There is no democracy in the world

that should tolerate missiles being fired at its cities without taking

every reasonable step to stop the attacks. The big question raised by

Israel's military actions in Lebanon is what is "reasonable." The

answer, according to the laws of war, is that it is reasonable to

attack military targets, so long as every effort is made to reduce

civilian casualties. If the objectives cannot be achieved without some

civilian casualties, these must be "proportional" to the civilian

casualties that would be prevented by the military action.





This is all well and good for democratic nations that deliberately

locate their military bases away from civilian population centers.

Israel has its air force, nuclear facilities and large army bases in

locations as remote as anything can be in that country. It is possible

for an enemy to attack Israeli military targets without

inflicting "collateral damage" on its civilian population. Hezbollah

and Hamas, by contrast, deliberately operate military wings out of

densely populated areas. They launch antipersonnel missiles with ball-

bearing shrapnel, designed by Syria and Iran to maximize civilian

casualties, and then hide from retaliation by living among civilians.
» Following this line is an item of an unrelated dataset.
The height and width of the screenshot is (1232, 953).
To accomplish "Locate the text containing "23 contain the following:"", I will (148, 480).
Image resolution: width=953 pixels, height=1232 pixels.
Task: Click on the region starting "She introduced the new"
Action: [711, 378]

If Israel decides not to go after them for fear of harming civilians,

the terrorists win by continuing to have free rein in attacking

civilians with rockets. If Israel does attack, and causes civilian

casualties, the terrorists win a propaganda victory: The international

community pounces on Israel for its "dispropo

rtionate" response. This chorus of condemnation actually encourages

the terrorists to operate from civilian areas.
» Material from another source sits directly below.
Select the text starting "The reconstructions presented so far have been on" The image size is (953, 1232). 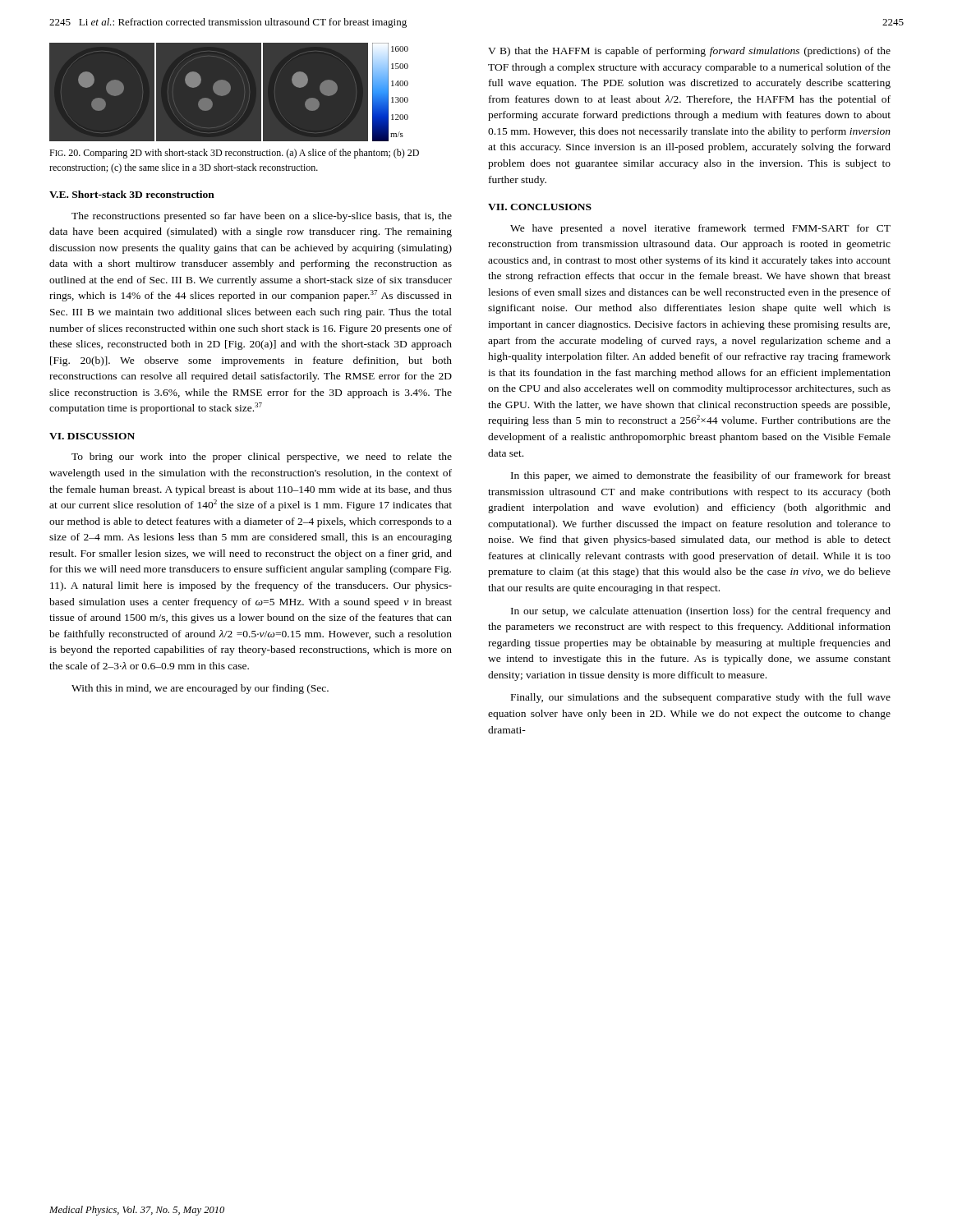251,312

While Israel does everything reasonable to minimize civilian

casualties — not always with success — Hezbollah and Hamas want to

maximize civilian casualties on both sides. Islamic terrorists, a

diplomat commented years ago, "have mastered the harsh arithmetic of

pain. . . . Palestinian casualties play in their favor and Israeli

casualties play in their favor." These are groups that send children

to die as suicide bombers, sometimes without the child knowing that he

is being sacrificed. Two years ago, an 11-year-old was paid to take a

parcel through Israeli security. Unbeknownst to him, it contained a

bomb that was to be detonated remotely. (Fortunately the plot was

foiled.)





This misuse of civilians as shields and swords requires a reassessment

of the laws of war. The distinction between combatants and civilians —

easy when combatants were uniformed members of armies that fought on

battlefields distant from civilian centers — is more difficult in the

present context. Now, there is a continuum of "civilianality": Near

the most civilian end of this continuum are the pure innocents —

babies, hostages and others completely uninvolved; at the more

combatant end are civilians who willingly harbor terrorists, provide

material resources and serve as human shields; in the middle are those

who support the terrorists politically, or spiritually.
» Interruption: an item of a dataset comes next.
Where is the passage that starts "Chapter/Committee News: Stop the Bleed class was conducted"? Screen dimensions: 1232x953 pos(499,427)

The laws of war and the rules of morality must adapt to these

realities. An analogy to domestic criminal law is instructive: A bank

robber who takes a teller hostage and fires at police from behind his

human shield is guilty of murder if they, in an effort to stop the

robber from shooting, accidentally kill the hostage. The same should

be true of terrorists who use civilians as shields from behind whom

they fire their rockets. The terrorists must be held legally and

morally responsible for the deaths of the civilians, even if the

direct physical cause was an Israeli rocket aimed at those targeting

Israeli citizens.





Israel must be allowed to finish the fight that Hamas and Hezbollah

started, even if that means civilian casualties in Gaza and Lebanon. A

democracy is entitled to prefer the lives of its own innocents over

the lives of the civilians of an aggressor, especially if the latter

group contains many who are complicit in terrorism. Israel will — and

should — take every precaution to minimize civilian casualties on the

other side. On July 16, Hasan Nasrallah, the head of Hezbollah,

announced there will be new "surprises," and the Aska Martyrs Brigade

said that it had developed chemical and biological weapons that could

be added to its rockets. Should Israel not be allowed to pre-empt

their use?





Israel left Lebanon in 2000 and Gaza in 2005. These are not "occupied"

territories. Yet they serve as launching pads for attacks on Israeli

civilians. Occupation does not cause terrorism, then, but terrorism

seems to cause occupation. If Israel is not to reoccupy to prevent

terrorism, the Lebanese government and the Palestinian Authority must

ensure that these regions cease to be terrorist safe havens.